◆ **Assignment**:
Once the images are set aside, write out the rest of the records exactly.

Records supplied below:

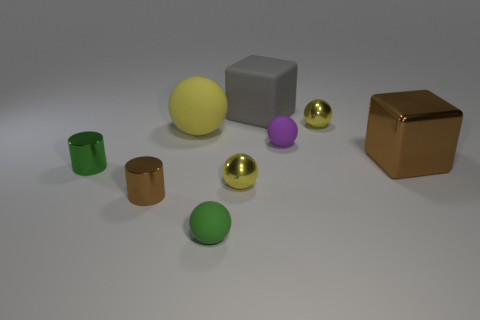The other cube that is the same size as the shiny cube is what color?
Your response must be concise. Gray. What is the size of the green metal object?
Make the answer very short. Small. Is the small yellow thing in front of the metal cube made of the same material as the big ball?
Your answer should be very brief. No. Do the gray object and the small purple rubber object have the same shape?
Keep it short and to the point. No. What is the shape of the brown metal thing to the right of the tiny shiny sphere that is behind the green object behind the tiny green matte sphere?
Keep it short and to the point. Cube. There is a green thing that is in front of the small brown cylinder; does it have the same shape as the yellow object that is left of the small green sphere?
Your response must be concise. Yes. Are there any large blue cylinders made of the same material as the purple ball?
Give a very brief answer. No. What color is the metal thing behind the large brown metal thing behind the small green object on the left side of the tiny brown thing?
Offer a terse response. Yellow. Are the tiny yellow sphere that is behind the green metallic thing and the big thing to the left of the large matte cube made of the same material?
Your answer should be very brief. No. There is a green object that is on the right side of the big matte sphere; what shape is it?
Offer a terse response. Sphere. 
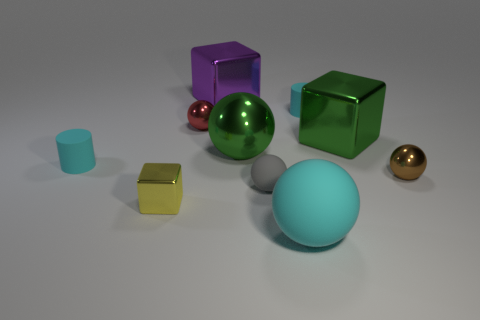Subtract all tiny blocks. How many blocks are left? 2 Subtract all cylinders. How many objects are left? 8 Subtract all small purple metallic objects. Subtract all brown objects. How many objects are left? 9 Add 9 green metallic balls. How many green metallic balls are left? 10 Add 8 tiny cyan matte things. How many tiny cyan matte things exist? 10 Subtract all yellow cubes. How many cubes are left? 2 Subtract 0 green cylinders. How many objects are left? 10 Subtract 2 spheres. How many spheres are left? 3 Subtract all gray cylinders. Subtract all red balls. How many cylinders are left? 2 Subtract all yellow cylinders. How many green cubes are left? 1 
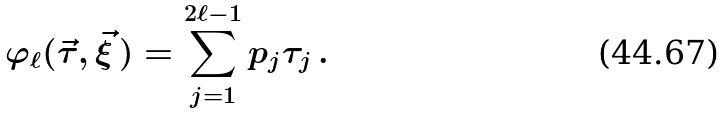Convert formula to latex. <formula><loc_0><loc_0><loc_500><loc_500>\varphi _ { \ell } ( \vec { \tau } , \vec { \xi } \, ) = \sum _ { j = 1 } ^ { 2 \ell - 1 } p _ { j } \tau _ { j } \, .</formula> 
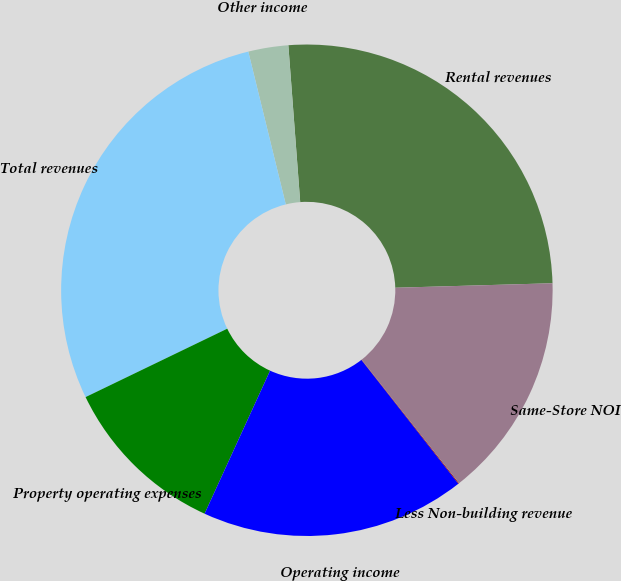Convert chart to OTSL. <chart><loc_0><loc_0><loc_500><loc_500><pie_chart><fcel>Rental revenues<fcel>Other income<fcel>Total revenues<fcel>Property operating expenses<fcel>Operating income<fcel>Less Non-building revenue<fcel>Same-Store NOI<nl><fcel>25.75%<fcel>2.63%<fcel>28.33%<fcel>11.01%<fcel>17.41%<fcel>0.05%<fcel>14.83%<nl></chart> 
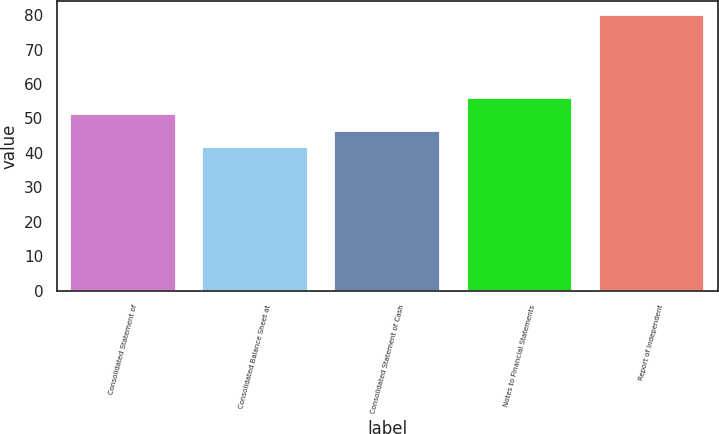<chart> <loc_0><loc_0><loc_500><loc_500><bar_chart><fcel>Consolidated Statement of<fcel>Consolidated Balance Sheet at<fcel>Consolidated Statement of Cash<fcel>Notes to Financial Statements<fcel>Report of Independent<nl><fcel>51.2<fcel>41.6<fcel>46.4<fcel>56<fcel>80<nl></chart> 
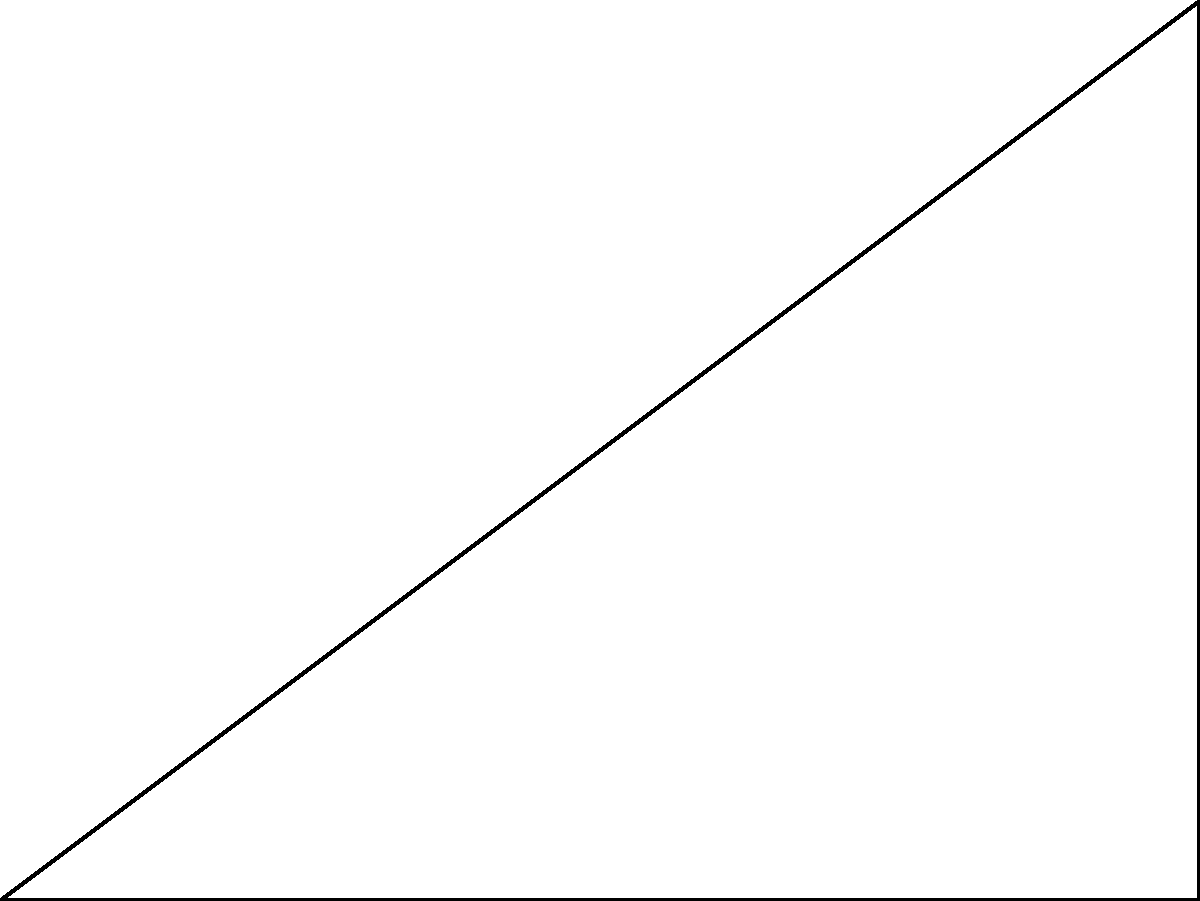Given a profile view of a coastal cliff in the Amalfi Coast, where point A represents the base of the cliff at sea level, point B is 4 units horizontally from A, and point C is the top of the cliff, 3 units vertically above B, what is the angle $\theta$ of the cliff face with respect to the horizontal? To determine the angle of the cliff face, we can use trigonometry:

1. The cliff face forms a right triangle ABC, where:
   - AB is the horizontal distance (4 units)
   - BC is the vertical height (3 units)
   - AC is the cliff face (hypotenuse)

2. We need to find the angle $\theta$ between AB and AC.

3. We can use the arctangent function (tan^(-1)) to calculate this angle:

   $\theta = \tan^{-1}(\frac{\text{opposite}}{\text{adjacent}}) = \tan^{-1}(\frac{BC}{AB})$

4. Substituting the values:

   $\theta = \tan^{-1}(\frac{3}{4})$

5. Calculate:

   $\theta \approx 36.87°$

6. Round to the nearest degree:

   $\theta \approx 37°$
Answer: $37°$ 
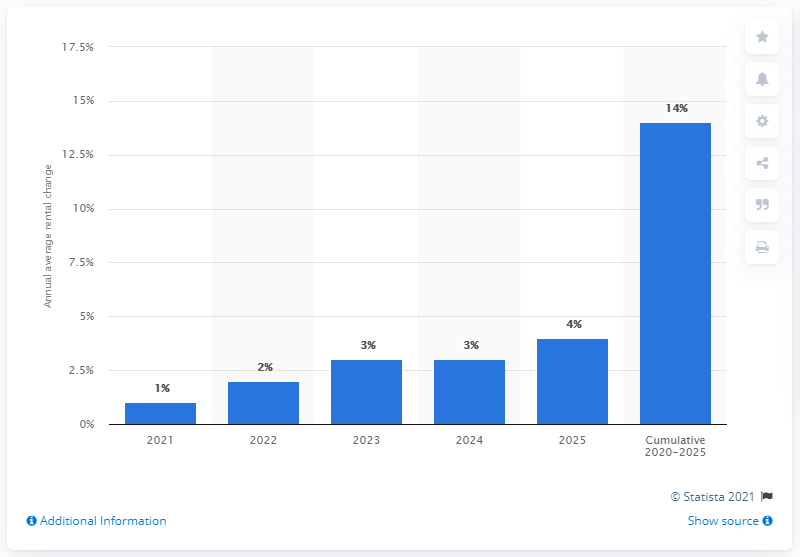Highlight a few significant elements in this photo. Over the entire projection period, rents are expected to grow by approximately 14%. 
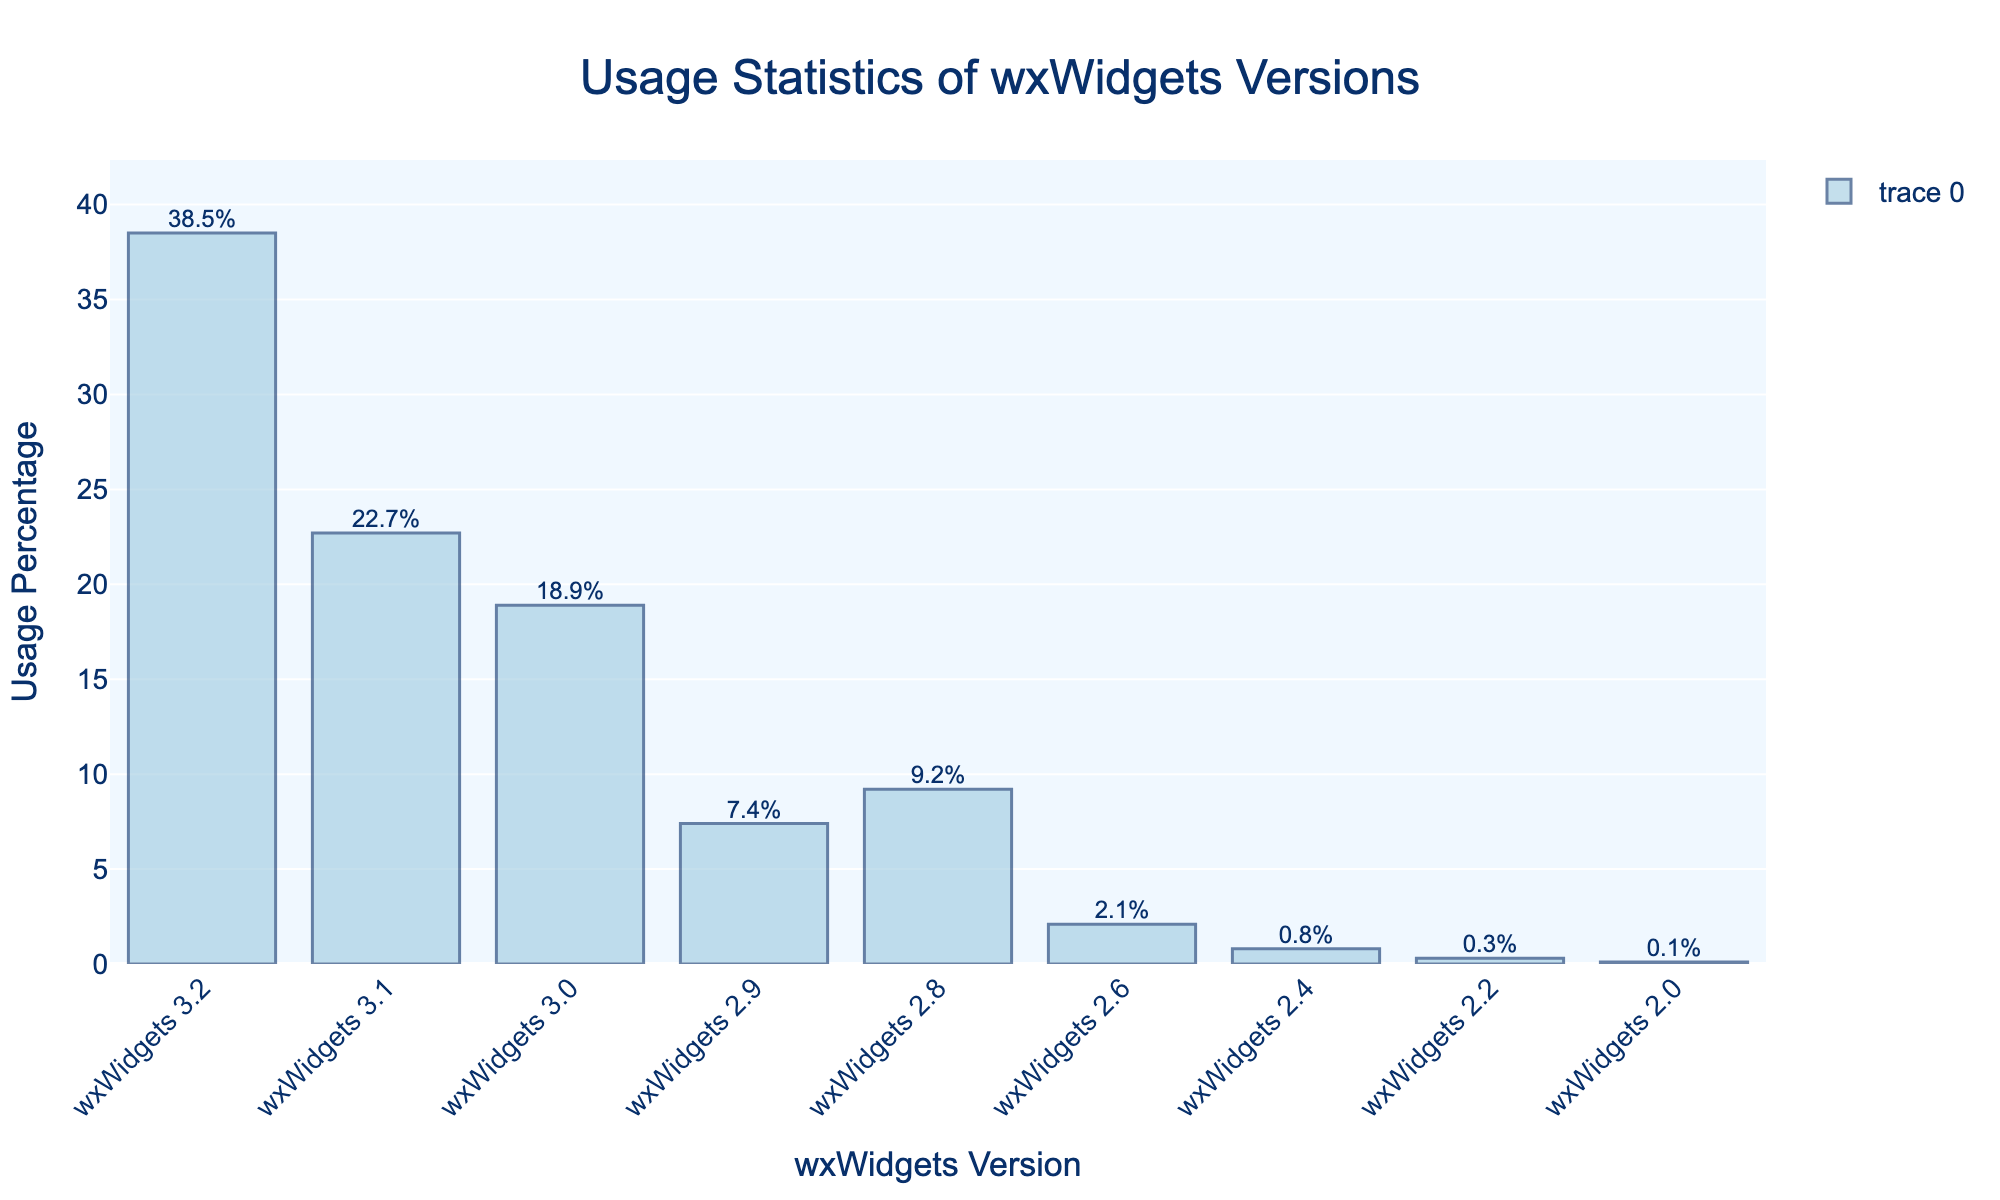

End of Records supplied.

◆ **Reply to the exercise**:
The other cube that is the same size as the shiny cube is what color?
Your response must be concise. Gray. What is the size of the green metal object?
Make the answer very short. Small. Is the small yellow thing in front of the metal cube made of the same material as the big ball?
Your answer should be very brief. No. Do the gray object and the small purple rubber object have the same shape?
Keep it short and to the point. No. What is the shape of the brown metal thing to the right of the tiny shiny sphere that is behind the green object behind the tiny green matte sphere?
Keep it short and to the point. Cube. There is a green thing that is in front of the small brown cylinder; does it have the same shape as the yellow object that is left of the small green sphere?
Your response must be concise. Yes. Are there any large blue cylinders made of the same material as the purple ball?
Give a very brief answer. No. What color is the metal thing behind the large brown metal thing behind the small green object on the left side of the tiny brown thing?
Offer a terse response. Yellow. Are the tiny yellow sphere that is behind the green metallic thing and the big thing to the left of the large matte cube made of the same material?
Your answer should be very brief. No. There is a green object that is on the right side of the big matte sphere; what shape is it?
Offer a terse response. Sphere. 
Subtract all tiny blocks. How many blocks are left? 2 Subtract all cylinders. How many objects are left? 8 Subtract all small purple metallic objects. Subtract all brown objects. How many objects are left? 9 Add 9 green metallic balls. How many green metallic balls are left? 10 Add 8 tiny cyan matte things. How many tiny cyan matte things exist? 10 Subtract all yellow cubes. How many cubes are left? 2 Subtract 0 green cylinders. How many objects are left? 10 Subtract 2 spheres. How many spheres are left? 3 Subtract all gray cylinders. Subtract all red balls. How many cylinders are left? 2 Subtract all yellow cylinders. How many green cubes are left? 1 
Convert formula to latex. <formula><loc_0><loc_0><loc_500><loc_500>\varphi _ { \ell } ( \vec { \tau } , \vec { \xi } \, ) = \sum _ { j = 1 } ^ { 2 \ell - 1 } p _ { j } \tau _ { j } \, .</formula> 
Convert chart to OTSL. <chart><loc_0><loc_0><loc_500><loc_500><pie_chart><fcel>Rental revenues<fcel>Other income<fcel>Total revenues<fcel>Property operating expenses<fcel>Operating income<fcel>Less Non-building revenue<fcel>Same-Store NOI<nl><fcel>25.75%<fcel>2.63%<fcel>28.33%<fcel>11.01%<fcel>17.41%<fcel>0.05%<fcel>14.83%<nl></chart> 
<chart> <loc_0><loc_0><loc_500><loc_500><bar_chart><fcel>Consolidated Statement of<fcel>Consolidated Balance Sheet at<fcel>Consolidated Statement of Cash<fcel>Notes to Financial Statements<fcel>Report of Independent<nl><fcel>51.2<fcel>41.6<fcel>46.4<fcel>56<fcel>80<nl></chart> 
Given a profile view of a coastal cliff in the Amalfi Coast, where point A represents the base of the cliff at sea level, point B is 4 units horizontally from A, and point C is the top of the cliff, 3 units vertically above B, what is the angle $\theta$ of the cliff face with respect to the horizontal? To determine the angle of the cliff face, we can use trigonometry:

1. The cliff face forms a right triangle ABC, where:
   - AB is the horizontal distance (4 units)
   - BC is the vertical height (3 units)
   - AC is the cliff face (hypotenuse)

2. We need to find the angle $\theta$ between AB and AC.

3. We can use the arctangent function (tan^(-1)) to calculate this angle:

   $\theta = \tan^{-1}(\frac{\text{opposite}}{\text{adjacent}}) = \tan^{-1}(\frac{BC}{AB})$

4. Substituting the values:

   $\theta = \tan^{-1}(\frac{3}{4})$

5. Calculate:

   $\theta \approx 36.87°$

6. Round to the nearest degree:

   $\theta \approx 37°$
Answer: $37°$ 
Highlight a few significant elements in this photo. Over the entire projection period, rents are expected to grow by approximately 14%. 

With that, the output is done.